"É de confiança este Nuno Cardoso, stora?" oiço ainda o timbre da voz do Nelson, do 12º h, enquanto, no ano passado, se preparava para responder à pergunta no teste de educação física. Questionava-me sobre a credibilidade do autor e esta questão daria pano para mangas. Não será por aí que quero ir hoje, a ironia no seu tom de voz faz-me sorrir, dispõe-me bem.

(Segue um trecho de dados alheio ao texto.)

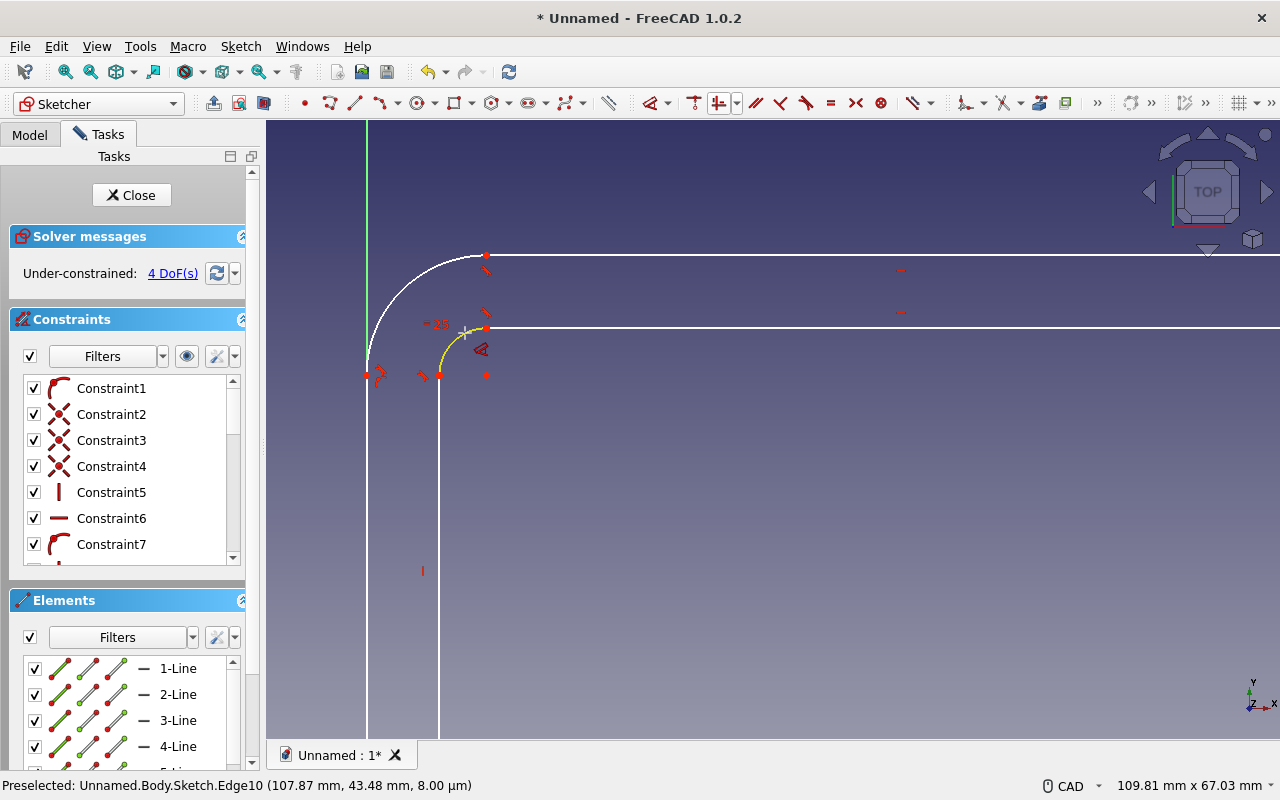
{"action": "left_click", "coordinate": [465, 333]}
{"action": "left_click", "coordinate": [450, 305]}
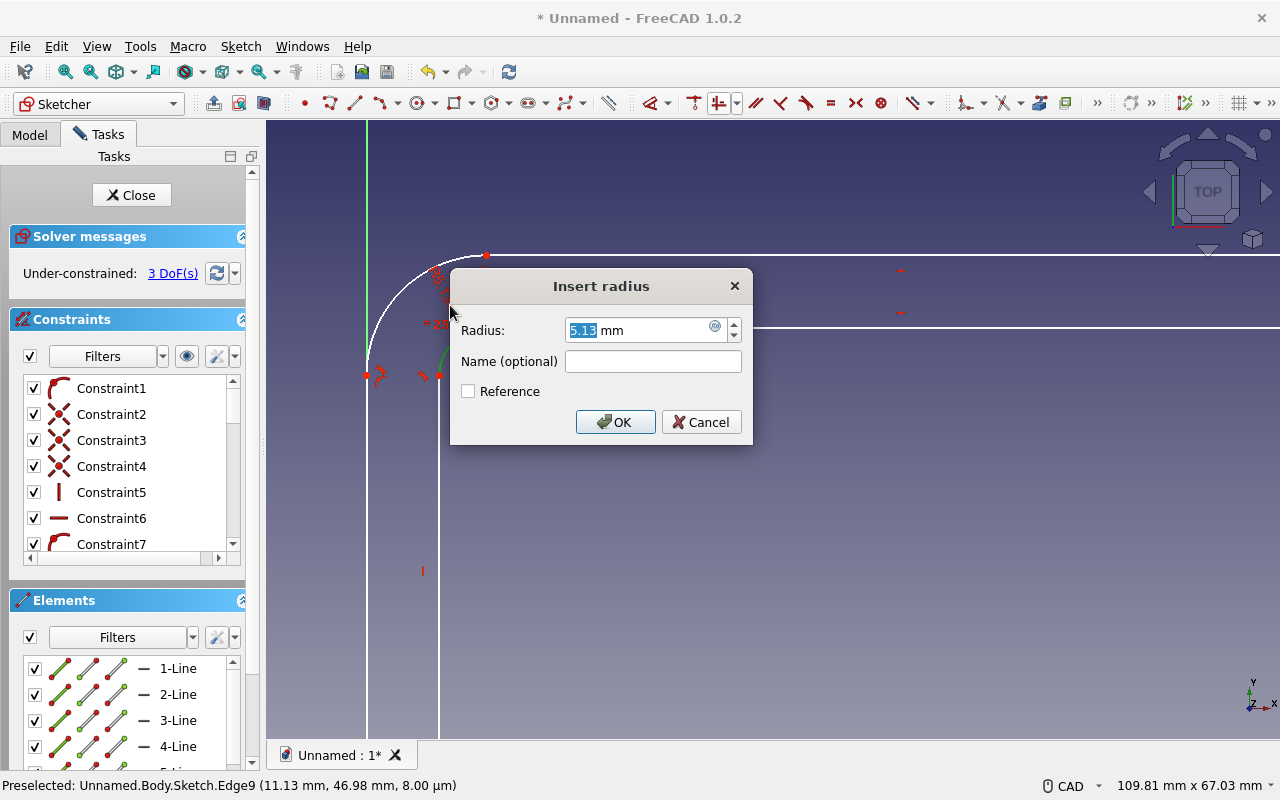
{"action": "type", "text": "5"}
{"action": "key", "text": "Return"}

O mais importante é o amor, dirão alguns de vocês. Outros, o reconhecimento social, a água, a família, as possibilidades são bastantes.
Errar. Este arraial teve defeitos, ia escrever imensos, seria exagerado. Um deles, o "espectáculo" assim entre aspas pois foi um espectáculozinho não seria o que as pessoas esperavam. Olho esta foto e sinto uma ligeira frialdade cá dentro, fruto da decepção que creio ter causado nas pessoas. Vejo a prof. Gilda que trouxe os pais para algo que ela pensou ser ser "um ritmo". Nunca pretendemos que o fosse, não acredito que o devesse ser. Já o disse aqui e em voz que deve ser uma actividade de escola. A cantoria do alemão, o teatro do inglês, o latim, o francês, o português apresentando os bons trabalhos realizados ao longo do ano. A ed. física eventualmente, com a acrobática como aliás fizemos em Junho de 2006 e que, de algum modo, esteve na génese da nossa área de projecto. Pela receptividade junto da comunidade escolar, pela adesão que suscitou junto dos alunos.

Como os pais da prof. terão havido outros participantes decepcionados com a primeira parte. Poderia ter sido evitado com uma melhor preparação, com uma divulgação mais cuidada. Aspectos a corrigir no próximo ano.

Não há estatísticas de participantes, o grupo de professores e amigos de professores foi significativo, o de pais e famílias também. Arriscaria a dizer que houve um belo equilíbrio ao longo da festa. Por algum azar no timing, esta foto não exprime muita animação mas estes professores penso que são dos indefectíveis. Contava-me o prof. Ricardo, na véspera enquanto testava o equipamento, das festas de arromba que se faziam há uns anos. O prof. João Jaime (foi presidente do CE durante alguns anos, num outro ciclo da escola) defendia que há que fazer, se não se fizer nunca se saberá, não haverá oportunidade a corrigir seja o que for. E por isso encorajava e apoiava todas as iniciativas válidas.
Esta festa teve outro benefício indirecto. Fui levar a D. Clarisse a casa; durante todo o trajecto foi-me falando, com saudade, das festas passadas. Muito animada, percebia-se a sua satisfação por ter contribuído com o seu trabalho para o sucesso do arraial. Ela, que não prima pela loquacidade, tem afinal esta faceta tão simpática. Somos todos mais complexos (e completos) que imaginamos.